Better Recordings of Sermons

I've been thinking about the recording of messages lately. I've been asked about it a few times in the last few months. The question usually goes something like this, "We want to record our pastor's sermon, should we go straight to a CD recorder, or into a computer then burn a CD?" If you have read this blog for any length of time, you're probably thinking my answer is, "It depends." But you'd be wrong. In this case, I always like to go to a computer for recording. The reason is simple: When you record straight to a CD, what you record is what you get. If you start too early, you have a bunch of dead time up front. Stop to late, same thing at the end. If your level was too low, the CD will be too quiet. Too loud...well, even the computer won't save you there.

So I'm going to tell you what I do here at Crosswinds. This is not necessarily the definitive way of recording a message. But it works really well for us. We have dual destinations for the recording, CD duplication and the web. My goal for the finished product is a message that is easy to listen to, without a lot of intervention (ie. adjusting the volume up and down) on the part of the user. I consider the environment and equipment people will use to listen to the message--it will be either their car or at the computer. Not exactly the greatest places to discern maximum quality. That's why I go for listenable. Yeah, I know that's not a word, but work with me here, OK?

Signal routing wise, we take the direct out of the preacher's microphone and run it into a compressor. You should know that the pastor's channel is already insert compressed, albeit pretty mildly, to even out the volume in the room. Yes, I know this is double compression and I could eliminate it if I double bussed the channel. For what we're doing it's not worth it.
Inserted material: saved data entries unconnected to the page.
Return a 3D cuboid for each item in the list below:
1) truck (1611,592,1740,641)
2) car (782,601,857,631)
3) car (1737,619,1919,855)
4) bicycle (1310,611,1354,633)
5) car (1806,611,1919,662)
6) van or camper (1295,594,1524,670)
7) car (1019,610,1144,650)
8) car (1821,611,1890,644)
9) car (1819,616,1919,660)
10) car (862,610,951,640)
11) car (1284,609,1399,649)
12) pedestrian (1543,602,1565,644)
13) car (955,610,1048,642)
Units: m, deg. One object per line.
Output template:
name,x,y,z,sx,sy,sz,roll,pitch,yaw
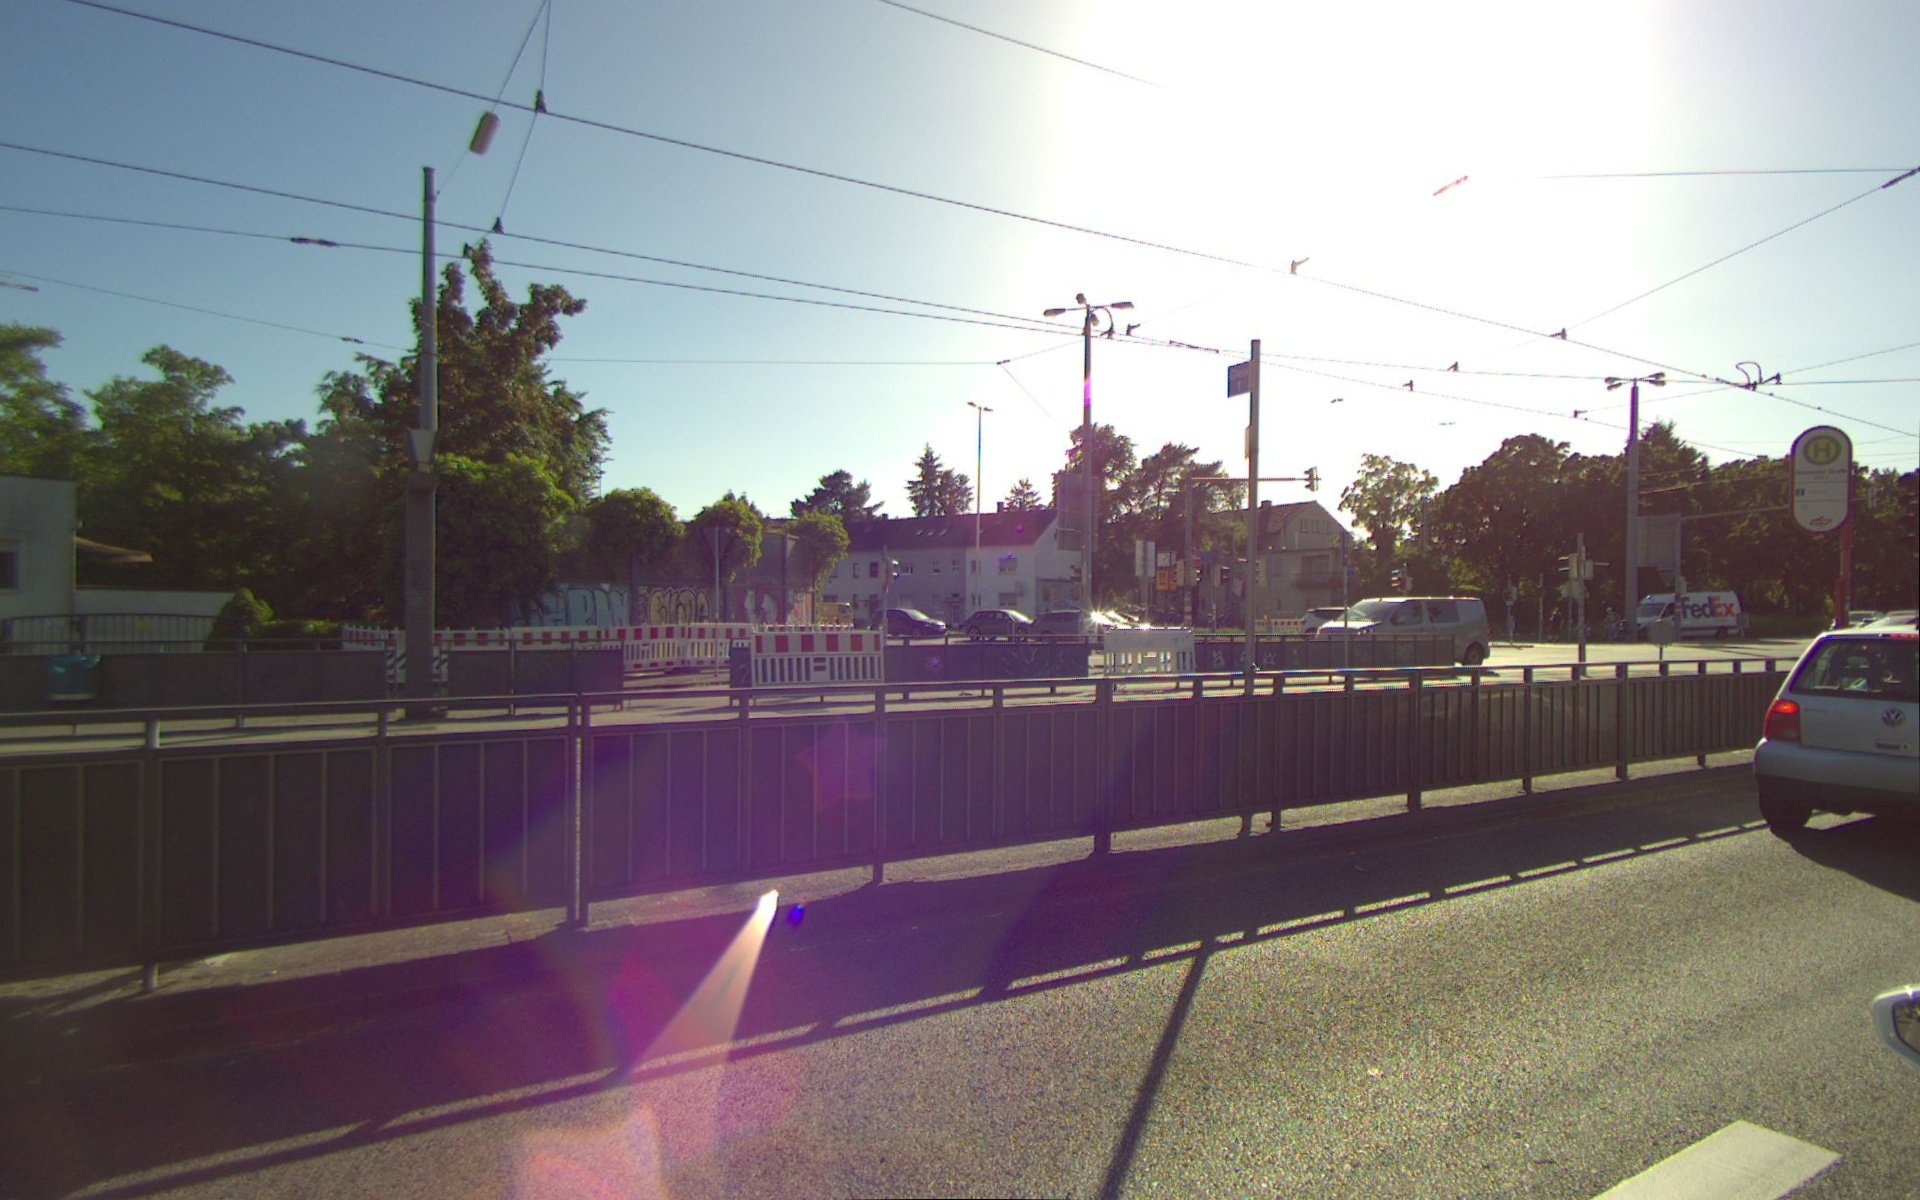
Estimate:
truck,39.161,0.908,54.976,6.710,2.599,1.994,1,0,-16
car,-9.784,1.082,69.640,5.084,1.905,1.994,2,1,34
car,7.212,0.877,7.129,3.312,1.436,1.611,1,-1,-31
bicycle,22.392,1.308,60.536,2.370,1.279,0.813,0,0,43
car,26.799,1.023,28.604,3.935,1.421,1.610,0,-1,6
van or camper,11.854,0.820,26.453,5.899,1.852,1.990,1,-1,-22
car,4.892,1.169,40.673,4.754,1.517,1.781,0,-1,34
car,44.500,1.346,49.897,3.963,1.568,1.819,1,-1,-37
car,31.096,1.248,33.390,3.601,1.397,1.529,0,-1,10
car,-2.697,1.211,50.072,4.212,1.451,1.788,0,-1,34
car,14.950,1.092,39.469,3.937,1.498,1.709,0,-1,38
pedestrian,28.912,1.114,48.891,0.785,2.040,0.741,1,-1,-42
car,1.914,1.192,46.728,4.104,1.451,1.589,0,-1,34

From the compressor, we run into a 3rd party sound card (way, way better than on-board audio). You could also use a USB or FireWire audio interface. While recording, we take care to keep the peaks at about -12 dB to ensure we don't run out of bits and distort the signal. Finally once the message is recorded, I apply some additional dynamics control to it. Yup, that's right a third pass of compression.

At this point, audio purists are tearing their robes, putting ashes on their heads and crying, "Oh, the humanity!" I don't care. I want a CD that I can put into my somewhat loud truck's in-dash and listen to it while driving down the road without turning the volume up every time the pastor gets quiet.

I thought some visual aids might be helpful to explain some of what we do. The following example was taken from another churches website to demonstrate via waveforms what we're doing. I'm guessing the recording was not compressed in any way prior to being recorded. In my setup, we already have a mild 2:1 comp, plus a little more aggressive 3.5:1 before we get to the recording. But this shows what you can do "in post" when you record to a computer (or if you're just a purist and want to jump through whatever hoops you need to to only compress once--knock yourself out).

Let me issue a disclaimer here: I am going to discuss ratios of Loud to Quiet in a minute. I determined the ratios based on pixel counts of the waveforms. I know they're not accurate dB ratios and do not represent true loudness levels. But for the purposes of illustration, work with me here. We're going for concept, not 100% theoretical accuracy.

Let's look at the original waveform, as recorded.

The Initial Waveform

As you can see, there is a pretty wide dynamic range to this recording. The red bar represents the volume of the loud parts; the yellow, the soft. It was also recorded pretty low, so I really had to crank it up to hear it. What we're seeing is that the loudest parts of this passage are roughly 13 times louder than the quiet parts (refer to above disclaimer...). In practice, that burst at the beginning (on the left) was really loud, but by the time we got to the right, I was having trouble hearing it over the noise of the fan in my room. I had to keep turning it up.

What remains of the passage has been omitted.